Al Pacino - Scarface (1983)

Scarface Dishwasher Scene
(contains adult language)

  • How do the setting, appearance, and manner of an actor's role make us believe the character and situations are real or convincing?

Eating and working are both ordinary, mundane activities. In the next two examples, consider how the artists explore everyday life as performance.

Jorgen Leth - 66 Scenes from America (1982)
Andy Warhol Eating a Hamburger

The video above is a scene from a film in which the artist Andy Warhol eats a hamburger. Although it is presenting an everyday activity, the way in which he acts presents it as performance.

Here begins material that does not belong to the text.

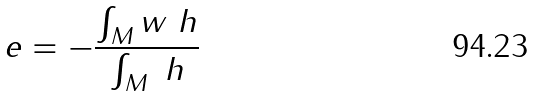<formula> <loc_0><loc_0><loc_500><loc_500>\ e = - \frac { \int _ { M } w \ h } { \int _ { M } \ h }</formula>

He brings a self-awareness to presenting the act of eating.

Francis Alys - Sometimes Making Something Leads to Nothing (1997)

In this video, artist Francis Alys pushes a block of ice through the streets of Mexico City, until it completely melts. The setting (city streets), his appearance (that of a worker), and manner (acting as though working hard), all convince the viewer that his actions are that of an everyday worker, even though his real task is that of a conceptual performance artist.

  • In considering both of these everyday performances how do the locations, clothing, and gestures of the artists affect your perception of the event? Do they seem believable as real life, or artificial?

Performance is a term that can be applied to actions within both the fine arts and everyday life. Terms such as dramaturgy (life performance) and performativity (performance of identity) give us a deeper understanding of how performance operates in art and culture. Throughout this course, we will continue to investigate how performance is expressed in the fine arts.